Just writing tests is not TDD

And it’s fine.

TDD is the art of driving the writing of the software guided by tests. To do that, you must write the test first.

You don’t need to always use TDD to develop something, it’s fine.

I use TDD only on production applications. Sometimes I use multiple layers of TDD, first TDDing at the high level of abstraction with browser-based tests, then proceeding with unit tests after having at least one test guiding the overall implementation. Sometimes I just refactor a code that already has tests exercising it.

Talking in refactoring…

You can do it without tests, it’s fine.

I wouldn’t do it. I like to deliver my tasks in time and not to have regressions because one thing that I did wrong and there were no tests to catch my mistake.

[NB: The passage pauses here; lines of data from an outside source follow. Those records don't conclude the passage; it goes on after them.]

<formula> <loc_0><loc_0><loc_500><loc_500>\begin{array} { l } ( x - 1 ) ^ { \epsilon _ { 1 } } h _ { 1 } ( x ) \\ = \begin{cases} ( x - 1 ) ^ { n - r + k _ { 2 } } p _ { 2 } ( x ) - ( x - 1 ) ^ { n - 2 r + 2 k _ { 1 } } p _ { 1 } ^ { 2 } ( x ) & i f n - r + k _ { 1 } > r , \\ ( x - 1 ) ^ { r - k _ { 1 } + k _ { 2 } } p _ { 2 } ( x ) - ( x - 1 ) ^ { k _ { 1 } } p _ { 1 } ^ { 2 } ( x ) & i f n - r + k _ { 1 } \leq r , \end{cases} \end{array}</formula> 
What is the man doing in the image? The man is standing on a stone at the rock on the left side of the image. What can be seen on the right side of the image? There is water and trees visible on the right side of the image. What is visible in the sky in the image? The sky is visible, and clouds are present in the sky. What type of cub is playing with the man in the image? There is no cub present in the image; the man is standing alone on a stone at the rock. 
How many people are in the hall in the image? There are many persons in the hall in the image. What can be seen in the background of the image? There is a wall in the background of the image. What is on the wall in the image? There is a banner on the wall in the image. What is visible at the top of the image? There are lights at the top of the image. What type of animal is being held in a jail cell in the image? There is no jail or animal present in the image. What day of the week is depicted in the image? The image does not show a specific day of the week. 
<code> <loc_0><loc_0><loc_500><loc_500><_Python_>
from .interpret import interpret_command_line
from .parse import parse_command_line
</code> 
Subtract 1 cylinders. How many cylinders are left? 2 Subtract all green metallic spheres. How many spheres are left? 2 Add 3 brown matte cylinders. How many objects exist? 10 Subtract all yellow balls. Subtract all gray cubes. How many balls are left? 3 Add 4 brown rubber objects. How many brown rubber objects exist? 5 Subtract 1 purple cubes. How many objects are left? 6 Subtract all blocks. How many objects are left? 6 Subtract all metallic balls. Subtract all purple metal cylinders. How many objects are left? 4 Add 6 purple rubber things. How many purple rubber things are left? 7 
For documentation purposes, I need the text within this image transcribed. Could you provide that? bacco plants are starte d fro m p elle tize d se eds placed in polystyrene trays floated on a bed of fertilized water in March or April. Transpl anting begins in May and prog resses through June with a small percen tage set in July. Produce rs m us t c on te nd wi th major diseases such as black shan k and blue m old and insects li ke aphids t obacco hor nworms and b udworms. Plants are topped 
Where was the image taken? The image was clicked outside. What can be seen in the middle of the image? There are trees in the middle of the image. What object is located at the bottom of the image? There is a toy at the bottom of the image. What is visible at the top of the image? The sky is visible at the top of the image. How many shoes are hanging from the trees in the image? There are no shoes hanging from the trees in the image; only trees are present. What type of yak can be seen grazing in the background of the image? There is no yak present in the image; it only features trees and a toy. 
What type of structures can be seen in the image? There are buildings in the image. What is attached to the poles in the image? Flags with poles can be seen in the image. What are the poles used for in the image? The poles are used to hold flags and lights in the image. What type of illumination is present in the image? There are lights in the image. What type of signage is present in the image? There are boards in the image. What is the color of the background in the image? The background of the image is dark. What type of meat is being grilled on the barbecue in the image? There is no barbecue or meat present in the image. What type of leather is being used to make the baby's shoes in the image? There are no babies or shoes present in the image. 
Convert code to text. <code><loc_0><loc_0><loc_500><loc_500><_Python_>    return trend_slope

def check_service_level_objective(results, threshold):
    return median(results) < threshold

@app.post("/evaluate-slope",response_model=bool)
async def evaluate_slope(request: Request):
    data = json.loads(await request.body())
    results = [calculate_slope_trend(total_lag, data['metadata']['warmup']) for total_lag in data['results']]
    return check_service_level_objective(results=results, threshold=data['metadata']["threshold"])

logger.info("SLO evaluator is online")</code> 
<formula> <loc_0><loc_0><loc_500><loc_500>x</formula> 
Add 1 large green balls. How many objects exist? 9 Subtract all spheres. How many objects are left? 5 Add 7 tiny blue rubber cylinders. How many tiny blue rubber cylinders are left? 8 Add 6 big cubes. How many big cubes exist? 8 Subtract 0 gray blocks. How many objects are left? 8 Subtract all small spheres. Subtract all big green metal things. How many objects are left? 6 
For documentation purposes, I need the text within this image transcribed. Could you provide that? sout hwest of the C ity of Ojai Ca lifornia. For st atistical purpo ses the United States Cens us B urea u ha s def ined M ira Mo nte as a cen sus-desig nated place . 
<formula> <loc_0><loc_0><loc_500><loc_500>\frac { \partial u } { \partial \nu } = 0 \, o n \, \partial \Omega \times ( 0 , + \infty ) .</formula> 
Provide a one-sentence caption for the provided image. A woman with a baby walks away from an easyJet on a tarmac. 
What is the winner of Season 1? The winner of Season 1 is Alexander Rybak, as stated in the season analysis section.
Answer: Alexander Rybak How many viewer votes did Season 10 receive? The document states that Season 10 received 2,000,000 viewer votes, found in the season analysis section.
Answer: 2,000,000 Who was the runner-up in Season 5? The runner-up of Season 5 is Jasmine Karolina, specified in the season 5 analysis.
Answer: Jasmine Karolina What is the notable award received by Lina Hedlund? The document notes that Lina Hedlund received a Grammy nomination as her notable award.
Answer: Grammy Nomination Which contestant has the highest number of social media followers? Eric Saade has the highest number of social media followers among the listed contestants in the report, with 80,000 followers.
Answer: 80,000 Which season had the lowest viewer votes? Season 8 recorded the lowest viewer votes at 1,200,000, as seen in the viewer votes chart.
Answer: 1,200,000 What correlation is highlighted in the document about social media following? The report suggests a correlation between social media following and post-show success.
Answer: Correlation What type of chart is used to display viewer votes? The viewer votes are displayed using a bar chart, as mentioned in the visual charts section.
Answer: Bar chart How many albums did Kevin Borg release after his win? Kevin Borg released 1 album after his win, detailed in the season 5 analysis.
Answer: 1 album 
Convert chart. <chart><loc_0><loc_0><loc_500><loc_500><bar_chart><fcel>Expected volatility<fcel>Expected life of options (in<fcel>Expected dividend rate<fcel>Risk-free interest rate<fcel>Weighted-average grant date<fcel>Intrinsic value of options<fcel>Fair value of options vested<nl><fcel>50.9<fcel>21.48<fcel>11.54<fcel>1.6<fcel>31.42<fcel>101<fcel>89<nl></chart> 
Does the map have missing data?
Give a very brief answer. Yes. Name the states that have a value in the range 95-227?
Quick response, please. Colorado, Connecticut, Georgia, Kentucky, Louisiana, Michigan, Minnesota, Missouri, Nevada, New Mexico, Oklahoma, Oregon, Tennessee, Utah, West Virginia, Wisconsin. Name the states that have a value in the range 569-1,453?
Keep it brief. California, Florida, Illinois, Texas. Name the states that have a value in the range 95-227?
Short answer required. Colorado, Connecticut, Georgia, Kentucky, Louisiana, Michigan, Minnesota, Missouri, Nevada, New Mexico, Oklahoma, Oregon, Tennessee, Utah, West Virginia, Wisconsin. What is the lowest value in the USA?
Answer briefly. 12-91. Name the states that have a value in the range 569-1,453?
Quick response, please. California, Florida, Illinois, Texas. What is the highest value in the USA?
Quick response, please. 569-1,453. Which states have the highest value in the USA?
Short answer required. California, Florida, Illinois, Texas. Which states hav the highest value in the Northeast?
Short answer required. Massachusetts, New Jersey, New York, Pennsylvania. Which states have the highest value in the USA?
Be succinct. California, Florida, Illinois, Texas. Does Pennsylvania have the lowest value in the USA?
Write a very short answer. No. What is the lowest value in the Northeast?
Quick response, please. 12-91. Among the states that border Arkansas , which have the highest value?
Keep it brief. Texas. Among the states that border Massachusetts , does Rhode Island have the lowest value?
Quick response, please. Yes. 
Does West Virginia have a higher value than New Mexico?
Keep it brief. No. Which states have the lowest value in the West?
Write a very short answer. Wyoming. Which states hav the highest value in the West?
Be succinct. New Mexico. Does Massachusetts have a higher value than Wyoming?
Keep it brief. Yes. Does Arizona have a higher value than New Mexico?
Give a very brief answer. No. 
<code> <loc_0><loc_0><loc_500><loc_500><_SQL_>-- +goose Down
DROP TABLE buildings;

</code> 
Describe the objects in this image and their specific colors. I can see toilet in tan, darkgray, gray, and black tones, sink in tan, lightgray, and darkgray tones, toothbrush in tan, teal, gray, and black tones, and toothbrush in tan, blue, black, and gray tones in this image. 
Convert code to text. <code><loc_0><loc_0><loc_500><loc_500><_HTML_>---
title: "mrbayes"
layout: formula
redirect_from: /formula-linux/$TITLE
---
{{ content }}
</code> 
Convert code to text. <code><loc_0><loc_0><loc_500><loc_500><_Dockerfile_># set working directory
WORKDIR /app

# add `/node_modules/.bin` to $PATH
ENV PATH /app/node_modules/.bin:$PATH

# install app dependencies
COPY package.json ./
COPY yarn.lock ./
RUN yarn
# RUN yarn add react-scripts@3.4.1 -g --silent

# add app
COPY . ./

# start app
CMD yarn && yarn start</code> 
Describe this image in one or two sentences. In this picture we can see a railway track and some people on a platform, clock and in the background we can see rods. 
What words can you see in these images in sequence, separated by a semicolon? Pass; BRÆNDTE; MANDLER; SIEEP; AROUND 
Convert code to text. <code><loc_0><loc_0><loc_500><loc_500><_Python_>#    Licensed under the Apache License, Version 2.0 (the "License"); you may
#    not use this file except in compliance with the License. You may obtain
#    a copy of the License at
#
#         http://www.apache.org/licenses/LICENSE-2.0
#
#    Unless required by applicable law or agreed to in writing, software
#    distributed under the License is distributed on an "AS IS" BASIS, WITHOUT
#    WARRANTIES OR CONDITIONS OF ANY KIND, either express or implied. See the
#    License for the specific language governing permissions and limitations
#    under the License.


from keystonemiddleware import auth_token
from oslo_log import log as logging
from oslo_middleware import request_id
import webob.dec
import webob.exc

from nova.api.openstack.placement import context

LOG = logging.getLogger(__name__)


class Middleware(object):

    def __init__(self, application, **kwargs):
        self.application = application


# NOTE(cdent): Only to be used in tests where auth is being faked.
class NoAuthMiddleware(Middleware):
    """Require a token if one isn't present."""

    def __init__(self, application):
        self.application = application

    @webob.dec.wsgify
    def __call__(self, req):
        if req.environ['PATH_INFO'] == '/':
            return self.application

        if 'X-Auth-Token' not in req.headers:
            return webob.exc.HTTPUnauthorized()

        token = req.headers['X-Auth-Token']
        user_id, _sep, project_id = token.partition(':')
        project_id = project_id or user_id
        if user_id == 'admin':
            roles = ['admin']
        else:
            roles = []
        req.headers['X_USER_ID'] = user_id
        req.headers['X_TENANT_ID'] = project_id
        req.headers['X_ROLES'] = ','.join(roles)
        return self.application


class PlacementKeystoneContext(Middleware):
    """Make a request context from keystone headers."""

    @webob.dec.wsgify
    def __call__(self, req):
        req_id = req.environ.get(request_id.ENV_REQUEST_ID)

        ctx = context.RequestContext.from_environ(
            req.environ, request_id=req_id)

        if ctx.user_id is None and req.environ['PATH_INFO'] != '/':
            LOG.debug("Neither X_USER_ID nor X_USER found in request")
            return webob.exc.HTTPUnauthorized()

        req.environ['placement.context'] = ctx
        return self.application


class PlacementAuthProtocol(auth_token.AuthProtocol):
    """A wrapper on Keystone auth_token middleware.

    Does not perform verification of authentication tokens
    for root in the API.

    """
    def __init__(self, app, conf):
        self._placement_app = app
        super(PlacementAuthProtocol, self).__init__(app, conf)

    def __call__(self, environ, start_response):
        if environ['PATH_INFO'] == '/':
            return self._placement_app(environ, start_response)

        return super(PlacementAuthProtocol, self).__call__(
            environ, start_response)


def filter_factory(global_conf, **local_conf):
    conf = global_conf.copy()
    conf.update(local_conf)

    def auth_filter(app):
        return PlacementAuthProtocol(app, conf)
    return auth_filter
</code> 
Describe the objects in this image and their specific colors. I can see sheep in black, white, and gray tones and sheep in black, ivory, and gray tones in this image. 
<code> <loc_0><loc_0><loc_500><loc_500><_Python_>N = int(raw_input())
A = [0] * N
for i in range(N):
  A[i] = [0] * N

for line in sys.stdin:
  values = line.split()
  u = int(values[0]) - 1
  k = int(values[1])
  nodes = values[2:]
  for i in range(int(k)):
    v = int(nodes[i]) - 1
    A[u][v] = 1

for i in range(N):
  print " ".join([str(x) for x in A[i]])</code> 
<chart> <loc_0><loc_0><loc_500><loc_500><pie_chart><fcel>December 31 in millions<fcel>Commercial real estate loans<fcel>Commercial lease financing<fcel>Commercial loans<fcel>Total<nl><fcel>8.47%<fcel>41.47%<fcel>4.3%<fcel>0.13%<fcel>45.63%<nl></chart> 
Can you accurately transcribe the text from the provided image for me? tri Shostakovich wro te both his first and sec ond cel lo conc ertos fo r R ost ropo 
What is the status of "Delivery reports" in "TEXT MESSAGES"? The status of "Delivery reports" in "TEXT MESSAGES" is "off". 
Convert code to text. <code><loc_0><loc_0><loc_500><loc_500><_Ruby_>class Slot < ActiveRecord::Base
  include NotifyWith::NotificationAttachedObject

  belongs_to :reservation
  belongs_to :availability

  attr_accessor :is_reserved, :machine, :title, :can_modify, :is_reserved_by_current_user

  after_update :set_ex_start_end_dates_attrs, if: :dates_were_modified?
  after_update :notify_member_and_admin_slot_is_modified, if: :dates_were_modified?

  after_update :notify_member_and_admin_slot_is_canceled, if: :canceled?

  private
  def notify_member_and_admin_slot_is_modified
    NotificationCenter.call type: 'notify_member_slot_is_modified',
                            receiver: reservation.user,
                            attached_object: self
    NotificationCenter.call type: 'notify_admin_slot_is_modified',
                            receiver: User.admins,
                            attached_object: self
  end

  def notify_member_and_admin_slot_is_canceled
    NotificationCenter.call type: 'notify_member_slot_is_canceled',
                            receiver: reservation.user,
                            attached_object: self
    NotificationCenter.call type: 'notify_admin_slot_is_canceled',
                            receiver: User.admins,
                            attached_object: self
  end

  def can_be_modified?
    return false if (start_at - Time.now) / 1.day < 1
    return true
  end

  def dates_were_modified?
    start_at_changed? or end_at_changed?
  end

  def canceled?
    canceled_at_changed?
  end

If the project doesn’t have tests

Do the first step and set up an acceptance test suite. If you work on web-based projects that have a front-end and a back-end, be sure that your feature can be exercised at the user level.

Frameworks such as Playwright, Puppeteer, Cypress and so on will help you.

Write the first test for the most critical path that you are responsible for developing. Then grow the test suite.

In a few iterations, you’ll become the one that produces code with fewer bugs, other developers will look into what you’re doing different from them. And then you will shine like a star saying that you are now writing tests, and they are helping you a lot.

In the past, I’ve created a test suite for my own because the company “standards” required so much work to implement such test suite inside the regular repositories that I created my own automation project. It grew for many months until the company finally saw the value of that test suite.

Sometimes it takes time. If I waited so long, sure that I must have been producing plenty of bugs since them, but not.

I must note that writing tests doesn’t eliminate the presence of bugs. It’s the combination between test first, communication with the team and fast feedback that prevent bugs. Even so, it’s not a guarantee.